They have a hard outer coating and need to be ground into meal to allow their nutrients to become more bio-available to the body. This may be accomplished easily using a simple household coffee grinder. Whole flaxseeds pass through the gastrointestinal tract intact and have a laxative effect on the body, says Anne VanBeber, PhD, RD, LD, associate professor and chair of the department of nutritional sciences at Texas Christian University.

Fiction: That the omega-3 fats in flaxseeds have the same health benefits as the omega-3 fats in fish, says Jodi (Citrin) Greebel, a registered dietitian in New York City and the president of Citrition, LLC.

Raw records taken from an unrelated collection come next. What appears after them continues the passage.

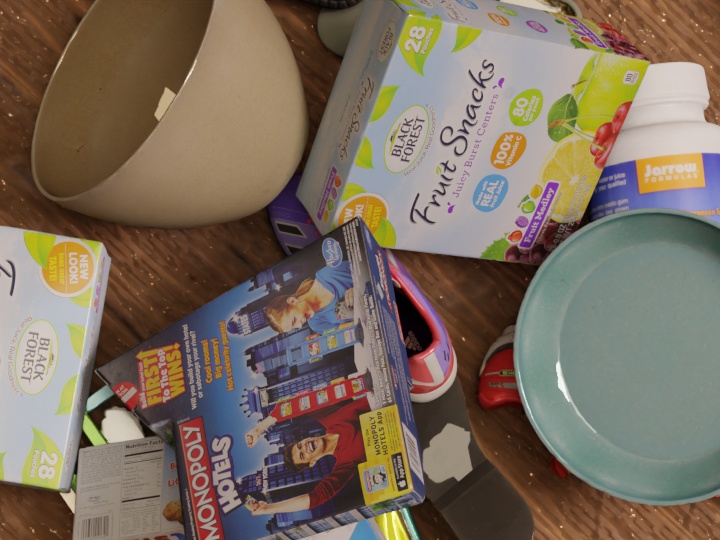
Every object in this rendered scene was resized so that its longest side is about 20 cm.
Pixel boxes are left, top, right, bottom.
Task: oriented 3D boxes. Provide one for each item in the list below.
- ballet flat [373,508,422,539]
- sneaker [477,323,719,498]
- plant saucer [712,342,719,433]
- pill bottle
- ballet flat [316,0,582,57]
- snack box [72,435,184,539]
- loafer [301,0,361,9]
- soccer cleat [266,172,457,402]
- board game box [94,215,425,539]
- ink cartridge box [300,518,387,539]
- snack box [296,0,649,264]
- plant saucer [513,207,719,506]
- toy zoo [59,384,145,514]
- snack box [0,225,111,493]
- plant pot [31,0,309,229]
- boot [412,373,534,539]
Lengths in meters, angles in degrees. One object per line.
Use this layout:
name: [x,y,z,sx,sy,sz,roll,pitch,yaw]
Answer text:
ballet flat: [0.030,0.223,1.231,0.067,0.067,0.202,-28,82,0]
sneaker: [0.173,0.117,1.269,0.199,0.077,0.086,30,84,6]
plant saucer: [0.324,0.072,1.261,0.199,0.029,0.203,-11,107,-40]
pill bottle: [0.222,-0.043,1.273,0.111,0.112,0.203,-5,84,-10]
ballet flat: [0.068,-0.187,1.291,0.197,0.064,0.068,2,82,-9]
snack box: [-0.095,0.140,1.161,0.198,0.024,0.073,-10,58,15]
loafer: [-0.082,-0.251,1.280,0.198,0.073,0.071,21,45,-5]
soccer cleat: [0.000,0.000,1.229,0.068,0.073,0.201,-33,69,-9]
board game box: [-0.066,0.090,1.127,0.198,0.062,0.202,-18,57,12]
ink cartridge box: [-0.072,0.227,1.175,0.199,0.068,0.116,-34,73,0]
snack box: [0.076,-0.097,1.204,0.198,0.068,0.170,6,119,-28]
plant saucer: [0.204,0.057,1.196,0.198,0.036,0.203,2,96,21]
toy zoo: [-0.118,0.116,1.237,0.199,0.020,0.132,-35,89,-12]
snack box: [-0.281,0.051,1.185,0.197,0.068,0.171,8,81,-2]
plant pot: [-0.113,-0.108,1.200,0.134,0.199,0.202,31,77,-33]
boot: [0.056,0.128,1.250,0.073,0.076,0.201,-30,70,-3]
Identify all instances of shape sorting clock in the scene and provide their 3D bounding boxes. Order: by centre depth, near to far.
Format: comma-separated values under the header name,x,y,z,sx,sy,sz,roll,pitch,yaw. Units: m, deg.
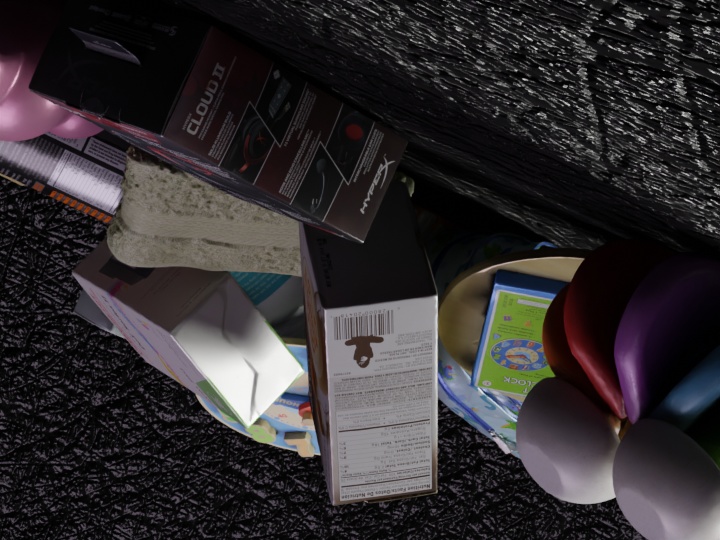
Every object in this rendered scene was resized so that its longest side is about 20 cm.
name,x,y,z,sx,sy,sz,roll,pitch,yaw
shape sorting clock,0.151,0.043,1.438,0.199,0.039,0.200,8,143,6
shape sorting clock,-0.039,0.108,1.742,0.199,0.039,0.200,9,147,6

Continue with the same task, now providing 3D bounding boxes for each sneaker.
name,x,y,z,sx,sy,sz,roll,pitch,yaw
sneaker,0.053,-0.020,1.660,0.077,0.078,0.200,39,-176,39

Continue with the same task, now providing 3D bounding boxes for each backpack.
name,x,y,z,sx,sy,sz,roll,pitch,yaw
backpack,0.119,0.047,1.603,0.200,0.164,0.154,33,165,-25

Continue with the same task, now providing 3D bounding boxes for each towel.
name,x,y,z,sx,sy,sz,roll,pitch,yaw
towel,-0.072,-0.041,1.495,0.199,0.037,0.149,6,149,-11

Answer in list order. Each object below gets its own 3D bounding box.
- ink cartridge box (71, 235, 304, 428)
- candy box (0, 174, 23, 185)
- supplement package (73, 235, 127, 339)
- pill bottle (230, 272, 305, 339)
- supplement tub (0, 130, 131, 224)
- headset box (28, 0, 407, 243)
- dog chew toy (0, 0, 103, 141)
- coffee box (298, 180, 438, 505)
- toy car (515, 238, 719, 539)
name,x,y,z,sx,sy,sz,roll,pitch,yaw
ink cartridge box,-0.144,0.032,1.644,0.200,0.067,0.117,27,158,52
candy box,-0.310,-0.155,1.652,0.055,0.116,0.200,-20,153,25
supplement package,-0.112,-0.009,1.850,0.191,0.201,0.147,26,177,-21
pill bottle,-0.098,-0.027,1.714,0.200,0.111,0.111,49,169,-18
supplement tub,-0.195,-0.106,1.561,0.199,0.123,0.123,25,177,-13
headset box,-0.094,-0.099,1.307,0.200,0.075,0.148,27,176,-42
dog chew toy,-0.232,-0.139,1.374,0.199,0.125,0.124,17,-177,-41
coffee box,0.006,0.053,1.471,0.079,0.115,0.201,-7,135,-6
toy car,0.186,0.054,1.253,0.200,0.175,0.150,21,139,52

Concerns: The primary health benefit is purported to be the relatively high content of alpha-linoleic acid (ALA) -- a type of omega-3 fatty acid. "Consumers need to be a little cautious, though, because the body is relatively slow and inefficient at converting ALA, which has 18 carbons, to the longer chain EPA and DHA, which have the real health benefits of increasing immune function, lowering inflammation, and providing heart and circulatory benefits," says Neuhouser. "Flaxseeds should not be used as the sole dietary source of omega-3 fatty acids. Cold-water fish, such as salmon, contain higher levels of EPA and DHA," adds VanBeber.

Additionally, according to Neuhouser we need to be wary of overconsumption, because flaxseeds can have a laxative effect, resulting in diarrhea.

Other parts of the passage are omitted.